I am very confused about results of cufflinks-cuffdiff and only cuffdiff. When I use the first approach (cufflinks-cuffdiff) to detect diferrencial expresion in a data set of Drosophila, the diferential expresed genes are differents that when I use only cuffdiff.
even some genes are not TESTED using one approach or the other. This is very worrying since biological interpretation will depend of the us approach
Example (cufflinks-cuffdiff)
XLOC_008606 CecA1 NT_033777.3:30210873-30211273 sin_spiro con_spiro OK 3.65287 51.0277 3.80418 2.83677 5.00E-05 0.0155562 yes
XLOC_008607 CecA2 NT_033777.3:30212155-30212568 sin_spiro con_spiro OK 2.47732 32.7192 3.72329 2.62197 0.0001 0.0284457 yes
XLOC_009396 Cpr47Eg NT_033778.4:11277946-11278762 sin_spiro con_spiro OK 14.2928 113.849 2.99375 2.89525 5.00E-05 0.0155562 yes
(cuffdiff)
gene17163 gene17163 CecA1 NT_033777.3:30210873-30211273 sin_spiro con_spiro NOTEST 0 0 0 0 1 1 no
gene17165 gene17165 CecA2 NT_033777.3:30212155-30212568 sin_spiro con_spiro NOTEST 0 0 0 0 1 1 no
gene7138 gene7138 Cpr47Eg NT_033778.4:11277956-11278445 sin_spiro con_spiro NOTEST 0 0 0 0 1 1 no
But, for example in the case of CecA1 they even have te same positions using cufflinks-cuffdiff that only cuffdiff ( NT_033777.3:30210873-30211273), I would expect for CecA1 at least similar numbers of mapped sequences.
Thank you
We have to keep the coordinates for genes separate from the coordinates of transcripts. The only statement that we can infer is that the transcript comes from within the gene coordinates.
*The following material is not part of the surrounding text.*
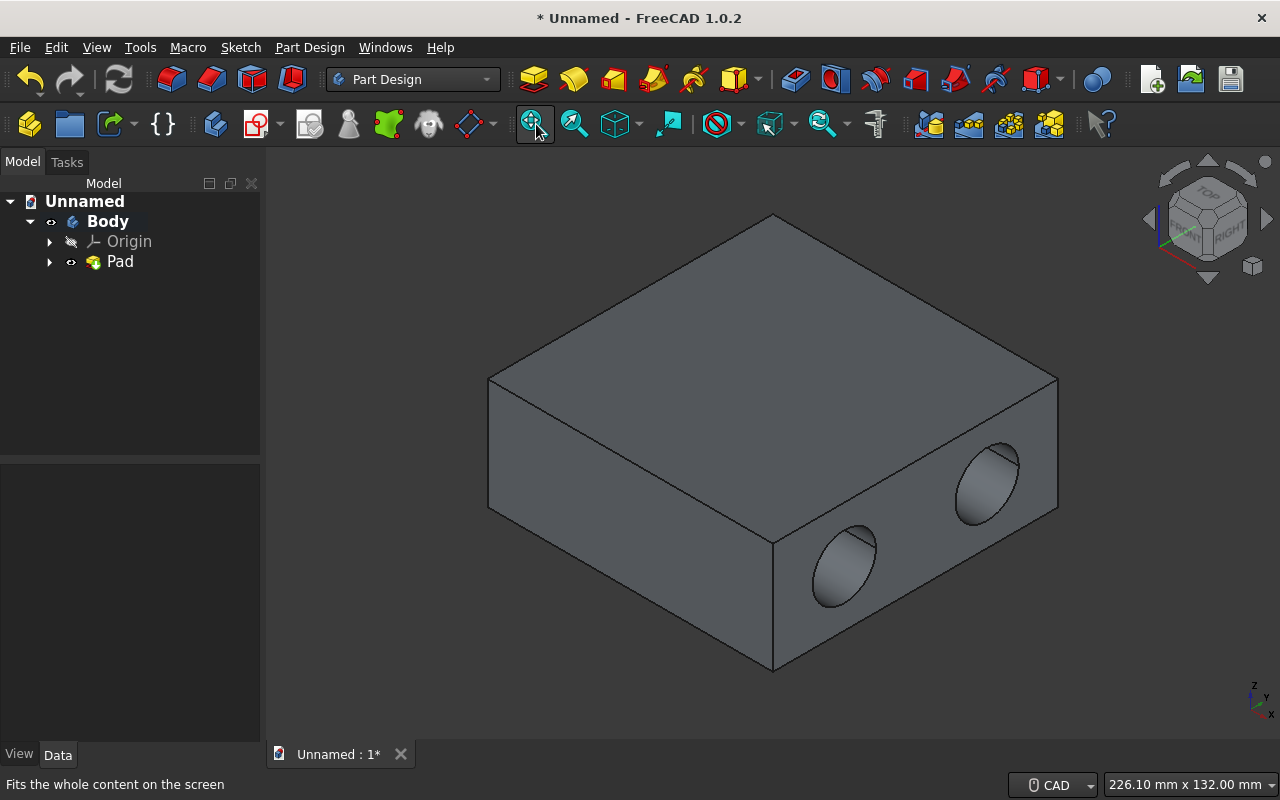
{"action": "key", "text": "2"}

But the gene coordinates tell us very little about the transcript coordinates.
If most reads map to a region that is not annotated as an exon in the original GFF then those won't be counted (at least shouldn't be counted) at gene level with cuffdiff. But once you do annotate them with cufflinks then, the same cuffdiff process will count them differently.
Use IGV and line up the transcript coordinates for the Cufflinks and the original GFF files and there is a good chance the former has regions that are missing from the latter that would explain the difference.
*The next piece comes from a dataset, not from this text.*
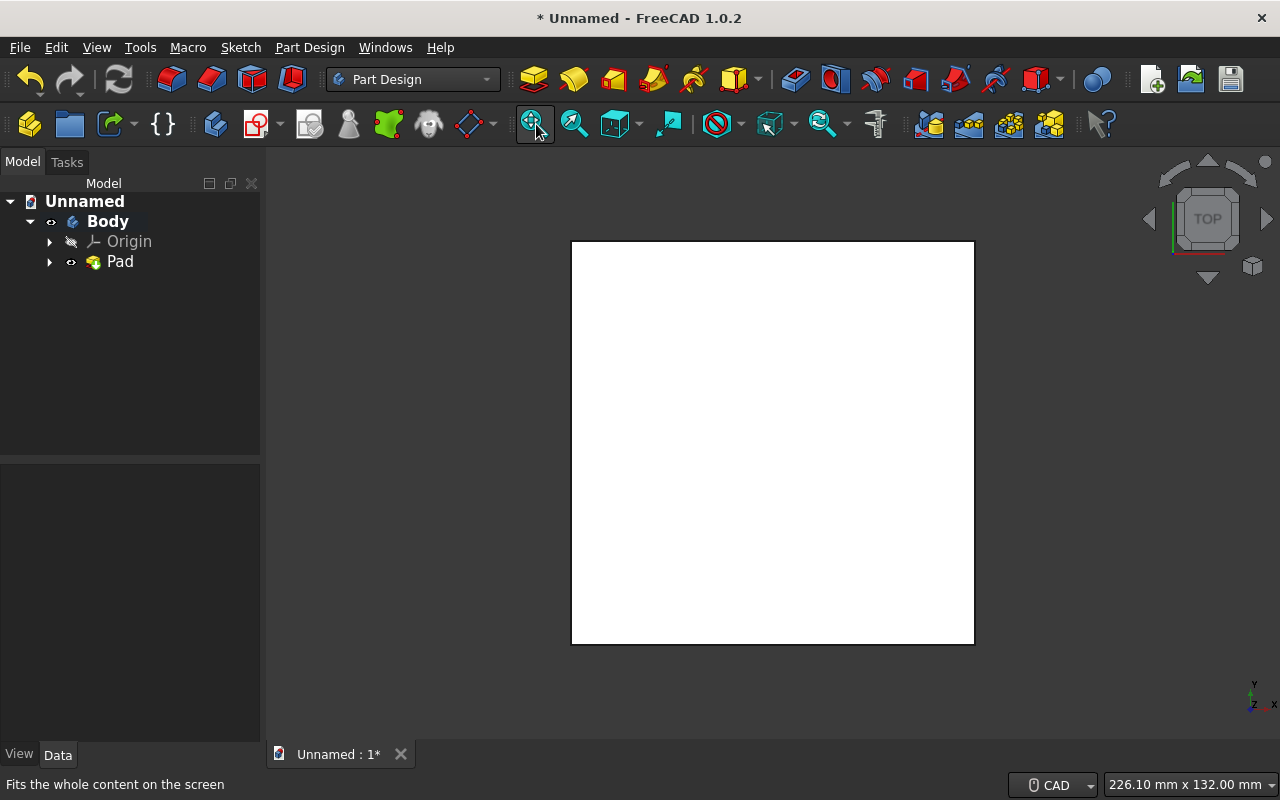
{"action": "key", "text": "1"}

Thank you for your response, so in your experience Do you think that is better use cufflinks- cuffdiff than only cuffdiff?. In the beginning I decided use cuffdiff since I am working with Drosophila and it seem to be a well-annotated organism.
The choice needs to be made based on the phenomena under study - for example, once you establish that there is indeed a novel transcript variant then it makes sense to use that.
Though clearly when doing so there will be a higher burden of proof as one now needs to both establish that the new transcript does indeed exists and then that it expresses differentially.